Write out the line that holds "Request: please mark" together with every line that follows it to the end of the material below, exactly. Omit the pictures.

**Data**:

*** Block opens ***

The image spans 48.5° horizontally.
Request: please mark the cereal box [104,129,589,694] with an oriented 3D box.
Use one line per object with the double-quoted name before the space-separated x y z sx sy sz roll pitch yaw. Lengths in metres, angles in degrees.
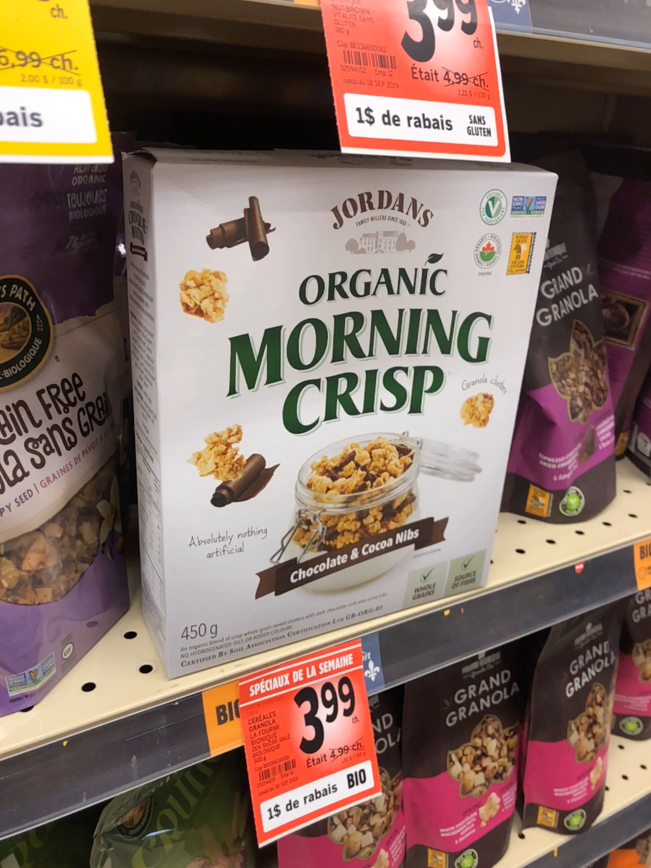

*** Block closes ***

**Response below**:
Request: please mark the cereal box [104,129,589,694] with an oriented 3D box.
Use one line per object with the double-quoted name before the space-separated x y z sx sy sz roll pitch yaw. Lengths in metres, angles in degrees.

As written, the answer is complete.